В ответ — тишина. Ландегаард теряет терпение.
— Вы что, еще и съели свои языки? В моих записях сказано, что настоятель вашей общины — отец Альфредо из Толедо. Пусть он выйдет вперед и покажется мне.
По ряду коленопреклоненных монахов проносится шепот. Сгибая спину, к Ландегаарду подходит старый монах. Инквизитор поднимает ему подбородок рукояткой хлыста. Старик старается не смотреть ему в глаза.
— Когда-то в Пизе, в семинарии, я хорошо был знаком с вами, дон Альфредо. Если меня не подводит память, в то время вы скрывали пудрой уродливый шрам — след, который нож разбойника оставил на вашей щеке. Значит, голод и жажда стерли его с вашего лица?
— Его стерло время, ваше превосходительство.
Хлыст Ландегаарда свистит в воздухе и разрывает кожу монаха. Кровь старика брызжет в пыль, он вопит от боли, прижимая ладони к лицу.
— Теперь она вернулась на место, ваша уродливая рана, брат лгун.
Остальные монахи дрожат так, что их колени стучат одно о другое. Обращаясь к ним, Ландегаард рычит:
— Стадо свиней! Даю вам столько времени, сколько пролетит камень, который упадет из моей ладони на землю. За это время вы должны сказать мне, что стало с отцом Альфредо. Иначе я буду обязан приказать моим палачам допросить вас.
Из стоящего на коленях строя раздается дрожащий голос:
— Ваше превосходительство, отца Альфредо не стало месяц назад.
— От чего же он умер, позвольте узнать?
— По воле Божией. Он скончался, мы провели ночь у его тела, как положено, а потом похоронили его.
Ландегаард бросает вопрошающий взгляд на своих нотариусов. Один из них, старик Амброзио, задумчиво поглаживает свою бороду: он хорошо знает, как черна человеческая душа. Инквизитор тоже не верит ни слову из того, что только что услышал.
— Тогда отведите меня на кладбище и покажите мне его могилу.
У его ног как молния сверкнул клинок: монах, которого Ландегаард ранил, выхватил кинжал и бросился на инквизитора. Тот поднимает коня на дыбы и этим отклоняет лезвие в сторону. Кинжал вонзается в шею коня. Стрела из арбалета свистит в воздухе и вонзается трапписту в горло. Пока конь падает в пыль, Ландегаард успевает спрыгнуть с него и приказывает окружить остальных монахов. Оставив их под надежной охраной, он приказывает открыть могилу отца Альфредо и ничуть не удивляется, обнаружив, что она пуста. Он приказывает своим людям обыскать монастырь сверху донизу.

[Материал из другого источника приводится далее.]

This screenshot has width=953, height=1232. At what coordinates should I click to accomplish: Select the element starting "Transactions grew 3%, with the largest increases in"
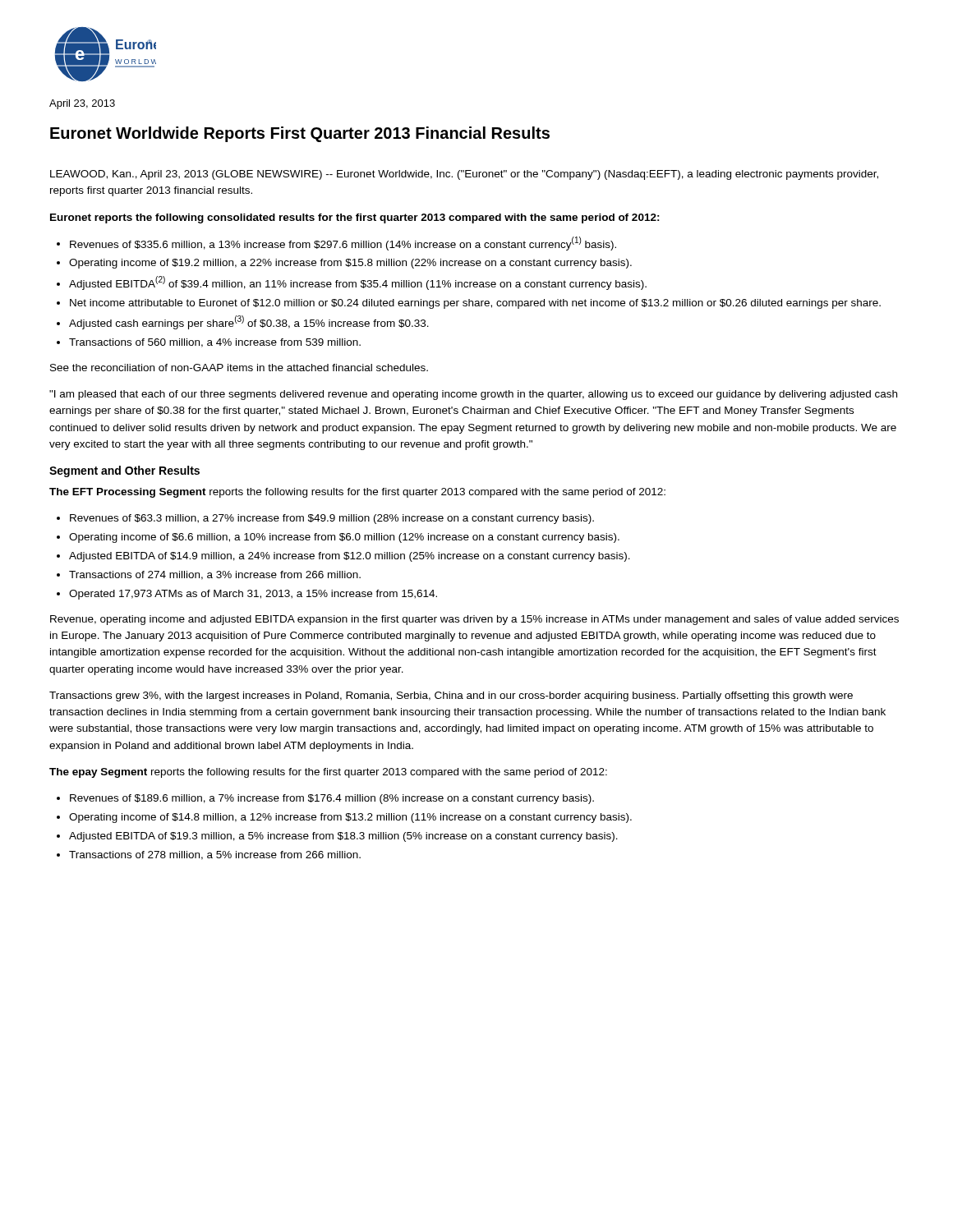tap(468, 720)
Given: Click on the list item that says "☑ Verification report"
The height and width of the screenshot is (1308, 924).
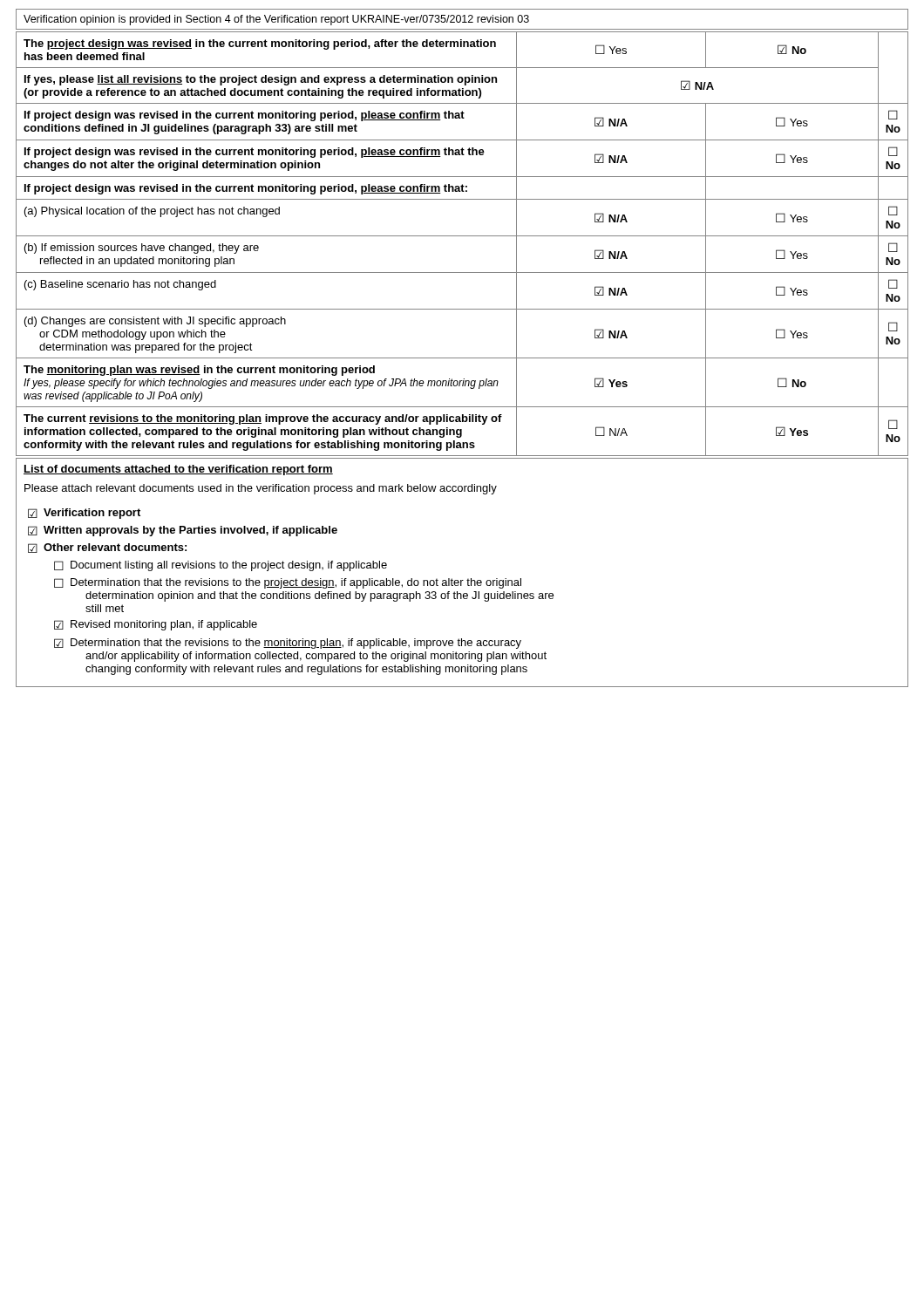Looking at the screenshot, I should [84, 513].

Через несколько минут из подвалов доносится звук рога, и Ландегаард присоединяется к своим людям, которые только что нашли в монастырском погребе тело несчастного настоятеля. С трупа срезана часть мышц. Места срезов натерты крупной солью, чтобы мясо не испортилось. День за днем монахи отрезали куски от боков и жирных частей тела отца Альфредо. Ландегаард вздрагивает, представив себе, как их старые беззубые рты жевали эту плоть.
Всю ночь инквизитор допрашивает монахов под пыткой, чтобы заставить их сказать, на какую постыдную судьбу они обрекли затворницу. В конце концов он услышал среди криков и воплей, что старая монахиня на тринадцатый день своего бегства действительно подошла к воротам их монастыря. Она кричала у монастырских стен, что идет с горы Сервин и просит убежища на одну ночь. Но трапписты не впустили ее, только бросили ей в ответ несколько кусков хлеба и ругательства. И еще несколько плевков.
Самый молодой монах из этой несчастной общины, крича во все горло от боли, когда тиски ломали ему кости, добавил, что слышал, как она стучала чем-то по скале возле подъемного моста, а потом видел, как она уходила в восточном направлении.
— А что было после этого? — спрашивает инквизитор и посыпает раны трапписта крупной солью. Монах вскрикивает от боли. — Говори, проклятый!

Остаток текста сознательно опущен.